Miscanthus ‘Morning Light’ on the right, giant miscanthus on the left

Miscanthus whatever whatever – may be just a larger growing form of sinensis with a wider leaf but it should be called Miscanthus giganteus variegatus. The leaves are wider and with a most attractive, clean variegation but the vigour and size is daunting. We ended up digging out three massive plants because I couldn’t hold them together and, as they fell apart, they blocked the path entirely. This is a triffid of a grass. Gardening friend, Susan, suggested that maybe the way forward is to do the Chelsea chop on them – cut them back to ground after the first big flush. I think she is right and I will be cutting them back to ground level about mid November. The second flush of growth should be more compact and shorter. If I can’t keep them under control this way, they will have to go. The plants are too big for me to lift alone and I don’t want to commit to plants that need lifting and dividing annually.

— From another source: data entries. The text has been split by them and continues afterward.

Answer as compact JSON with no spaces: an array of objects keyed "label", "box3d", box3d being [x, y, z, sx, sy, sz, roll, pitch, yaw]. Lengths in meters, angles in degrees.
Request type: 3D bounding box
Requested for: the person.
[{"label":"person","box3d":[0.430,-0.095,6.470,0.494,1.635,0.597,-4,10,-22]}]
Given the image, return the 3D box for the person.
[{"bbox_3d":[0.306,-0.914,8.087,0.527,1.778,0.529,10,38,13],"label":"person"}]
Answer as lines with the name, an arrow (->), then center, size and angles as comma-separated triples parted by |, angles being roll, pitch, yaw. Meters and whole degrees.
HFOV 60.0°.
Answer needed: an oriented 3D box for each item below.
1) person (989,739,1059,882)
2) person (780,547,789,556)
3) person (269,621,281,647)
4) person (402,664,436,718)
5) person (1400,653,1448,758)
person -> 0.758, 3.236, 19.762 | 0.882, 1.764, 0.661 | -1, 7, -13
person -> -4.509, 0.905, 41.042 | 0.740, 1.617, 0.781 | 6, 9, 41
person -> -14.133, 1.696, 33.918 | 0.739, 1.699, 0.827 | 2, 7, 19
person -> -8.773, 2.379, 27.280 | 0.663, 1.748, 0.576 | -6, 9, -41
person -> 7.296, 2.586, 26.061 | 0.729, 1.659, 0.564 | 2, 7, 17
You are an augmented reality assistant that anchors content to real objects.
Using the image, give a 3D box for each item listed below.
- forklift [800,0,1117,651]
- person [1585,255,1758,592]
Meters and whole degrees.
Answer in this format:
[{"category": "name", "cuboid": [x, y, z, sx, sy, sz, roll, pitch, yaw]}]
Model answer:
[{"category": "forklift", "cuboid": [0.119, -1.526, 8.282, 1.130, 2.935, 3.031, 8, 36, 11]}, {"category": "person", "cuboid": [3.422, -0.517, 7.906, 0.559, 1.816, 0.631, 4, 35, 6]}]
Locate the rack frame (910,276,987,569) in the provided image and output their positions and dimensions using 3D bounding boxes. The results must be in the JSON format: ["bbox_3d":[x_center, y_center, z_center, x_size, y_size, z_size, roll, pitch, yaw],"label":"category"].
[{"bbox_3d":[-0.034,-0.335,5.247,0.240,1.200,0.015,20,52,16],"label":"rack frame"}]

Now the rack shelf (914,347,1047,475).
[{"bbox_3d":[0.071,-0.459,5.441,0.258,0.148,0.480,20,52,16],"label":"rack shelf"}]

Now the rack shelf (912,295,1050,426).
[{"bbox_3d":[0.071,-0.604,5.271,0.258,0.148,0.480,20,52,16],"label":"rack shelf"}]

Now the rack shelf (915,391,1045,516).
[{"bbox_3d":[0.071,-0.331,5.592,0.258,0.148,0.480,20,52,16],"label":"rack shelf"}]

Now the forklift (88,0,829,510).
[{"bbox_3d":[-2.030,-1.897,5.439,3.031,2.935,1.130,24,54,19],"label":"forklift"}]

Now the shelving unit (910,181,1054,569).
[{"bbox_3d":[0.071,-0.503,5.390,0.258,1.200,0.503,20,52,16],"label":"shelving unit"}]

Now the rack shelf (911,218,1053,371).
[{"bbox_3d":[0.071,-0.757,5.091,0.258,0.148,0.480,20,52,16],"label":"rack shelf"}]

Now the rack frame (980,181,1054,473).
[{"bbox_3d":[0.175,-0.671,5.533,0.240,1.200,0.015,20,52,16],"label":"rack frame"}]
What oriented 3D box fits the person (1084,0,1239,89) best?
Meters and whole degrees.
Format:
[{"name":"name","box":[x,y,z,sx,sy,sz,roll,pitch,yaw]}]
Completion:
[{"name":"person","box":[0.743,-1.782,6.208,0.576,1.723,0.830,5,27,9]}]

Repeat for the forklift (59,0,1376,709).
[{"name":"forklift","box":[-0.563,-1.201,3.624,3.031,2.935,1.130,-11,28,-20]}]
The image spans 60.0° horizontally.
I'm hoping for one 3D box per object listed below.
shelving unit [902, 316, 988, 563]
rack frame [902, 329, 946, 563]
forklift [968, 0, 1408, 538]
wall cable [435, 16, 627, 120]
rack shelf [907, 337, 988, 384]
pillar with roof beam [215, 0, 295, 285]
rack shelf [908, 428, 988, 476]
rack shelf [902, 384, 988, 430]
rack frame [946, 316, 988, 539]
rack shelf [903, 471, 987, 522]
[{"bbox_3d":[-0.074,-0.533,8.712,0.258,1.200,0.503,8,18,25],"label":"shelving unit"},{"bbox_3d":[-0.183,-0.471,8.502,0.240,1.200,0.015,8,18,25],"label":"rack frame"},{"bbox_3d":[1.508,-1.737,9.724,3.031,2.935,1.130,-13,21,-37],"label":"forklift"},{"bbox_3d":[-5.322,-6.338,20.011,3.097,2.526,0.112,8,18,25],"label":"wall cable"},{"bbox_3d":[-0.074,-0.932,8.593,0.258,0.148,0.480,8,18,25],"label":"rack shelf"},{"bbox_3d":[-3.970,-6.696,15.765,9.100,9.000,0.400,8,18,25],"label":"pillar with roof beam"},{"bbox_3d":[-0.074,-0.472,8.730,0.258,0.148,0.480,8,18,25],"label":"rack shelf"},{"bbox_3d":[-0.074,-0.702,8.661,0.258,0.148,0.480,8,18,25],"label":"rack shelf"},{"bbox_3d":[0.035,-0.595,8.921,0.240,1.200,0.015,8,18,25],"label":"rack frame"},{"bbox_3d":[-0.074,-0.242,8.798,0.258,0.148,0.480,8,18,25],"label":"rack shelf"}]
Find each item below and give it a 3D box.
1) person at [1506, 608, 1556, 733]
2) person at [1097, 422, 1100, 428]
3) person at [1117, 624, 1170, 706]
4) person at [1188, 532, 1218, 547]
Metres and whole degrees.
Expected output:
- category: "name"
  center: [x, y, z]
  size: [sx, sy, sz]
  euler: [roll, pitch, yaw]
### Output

Just too big – they grew even larger and floppier after I took this photo

Lomandra We had a named variety in the garden but I found a better option to replace it with. I rate lomandra as one of the world’s more boring plants and I suggest you leave lomandras to supermarket carparks and roading roundabouts. We have more interesting and attractive native grasses without having to resort to this utility Aussie in NZ gardens.   

Here endeth the interim grass report. Except to say that I am moving and dividing some now because we still have at least six to eight weeks of the growing season left before temperatures drop and growth slows or stops over winter. That said, I have done this in winter and we can get away with it but it is not recommended in less benign conditions where the plants may just sit and decompose in sodden, cold soils.